Word for word, copy out the entries below, but not the pictures in them.

↓

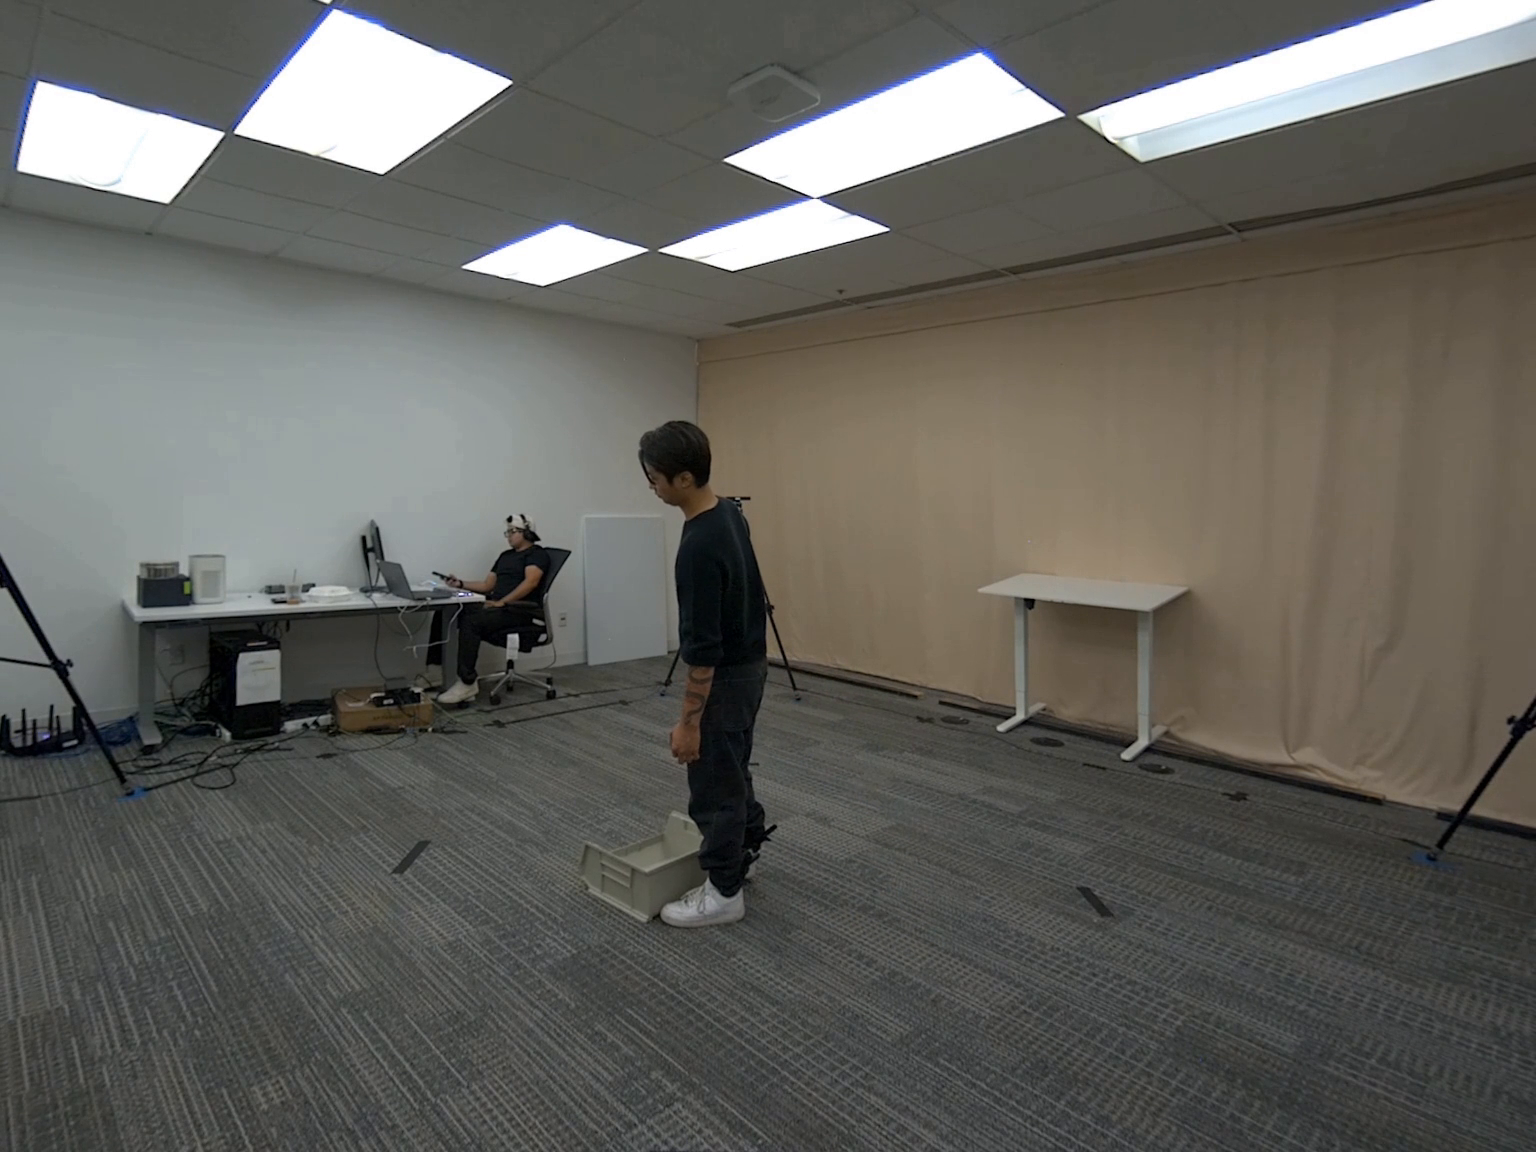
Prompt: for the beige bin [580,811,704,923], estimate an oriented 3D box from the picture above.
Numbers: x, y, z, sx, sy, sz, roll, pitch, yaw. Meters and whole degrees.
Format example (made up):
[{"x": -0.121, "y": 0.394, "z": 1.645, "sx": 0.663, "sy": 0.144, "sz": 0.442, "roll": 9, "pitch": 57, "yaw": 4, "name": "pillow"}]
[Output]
[{"x": -0.402, "y": 1.020, "z": 3.006, "sx": 0.387, "sy": 0.188, "sz": 0.413, "roll": 7, "pitch": 7, "yaw": 42, "name": "beige bin"}]
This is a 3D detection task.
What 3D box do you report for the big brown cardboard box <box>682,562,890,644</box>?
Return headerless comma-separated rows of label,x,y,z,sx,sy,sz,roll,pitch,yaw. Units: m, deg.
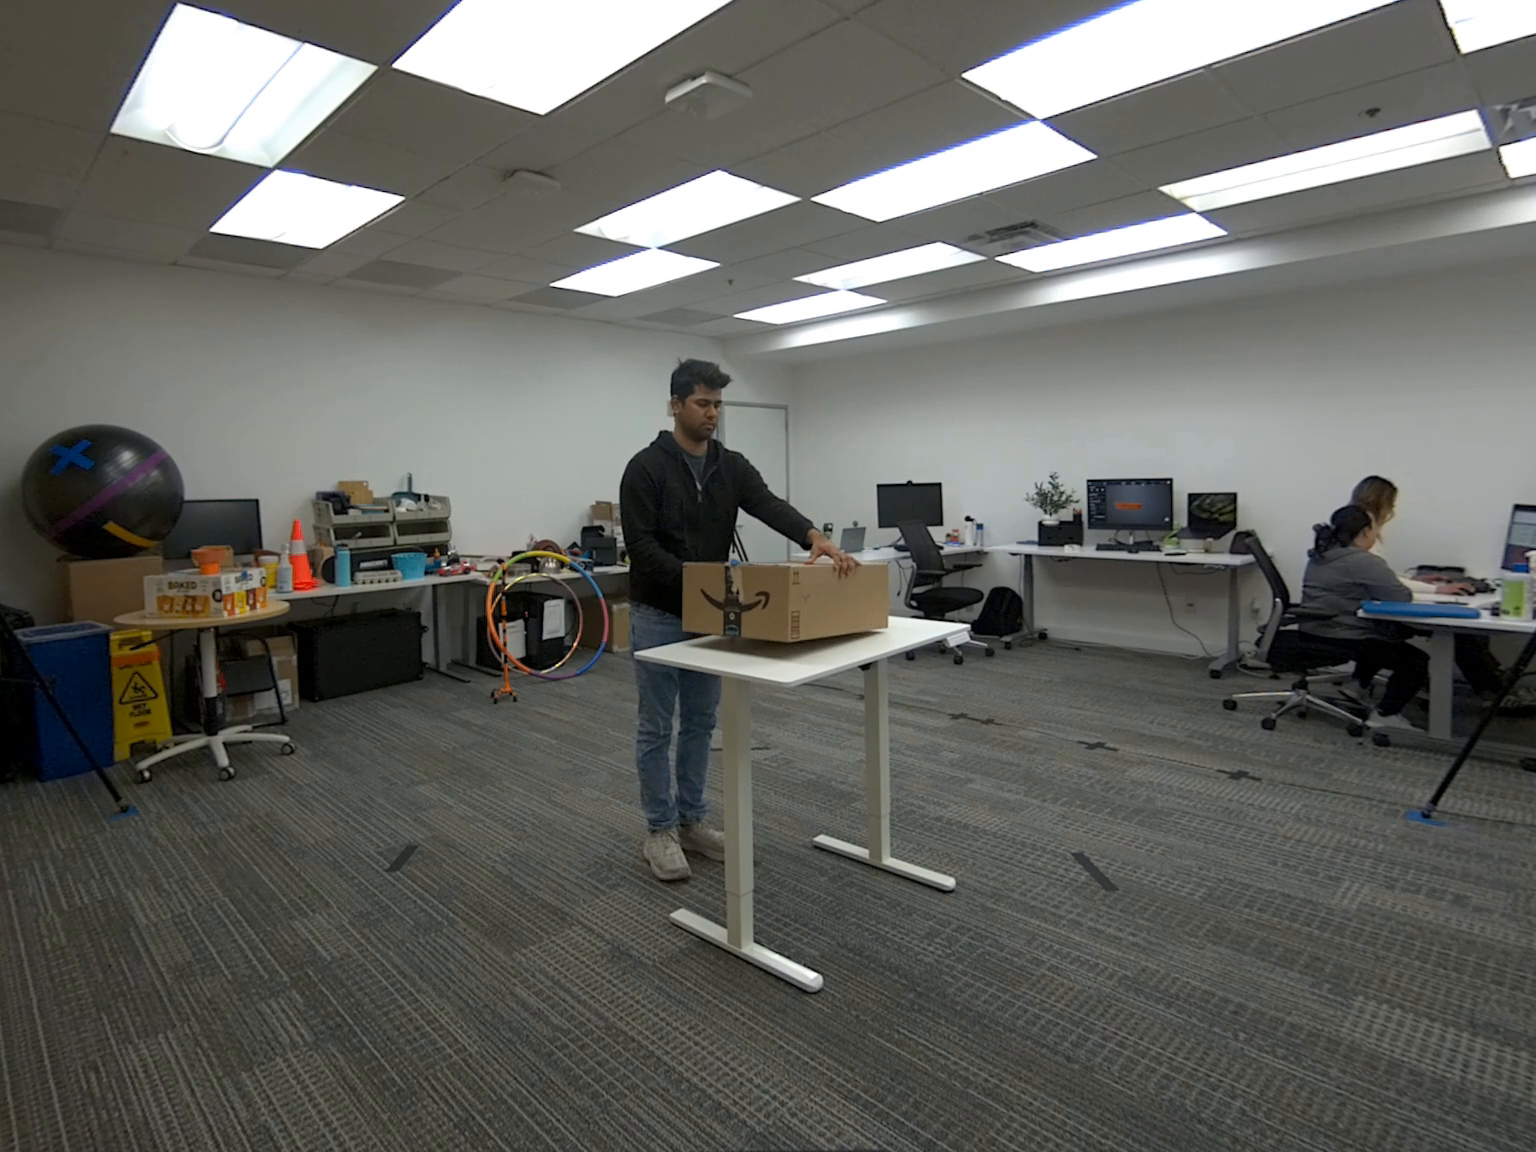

↑

- _Task response_:
Prompt: for the beige bin [580,811,704,923], estimate an oriented 3D box from the picture above.
Numbers: x, y, z, sx, sy, sz, roll, pitch, yaw. Meters and whole degrees.
Format example (made up):
[{"x": -0.121, "y": 0.394, "z": 1.645, "sx": 0.663, "sy": 0.144, "sz": 0.442, "roll": 9, "pitch": 57, "yaw": 4, "name": "pillow"}]
[Output]
[{"x": -0.402, "y": 1.020, "z": 3.006, "sx": 0.387, "sy": 0.188, "sz": 0.413, "roll": 7, "pitch": 7, "yaw": 42, "name": "beige bin"}]
This is a 3D detection task.
What 3D box do you report for the big brown cardboard box <box>682,562,890,644</box>?
Return headerless comma-separated rows of label,x,y,z,sx,sy,sz,roll,pitch,yaw. Units: m, deg.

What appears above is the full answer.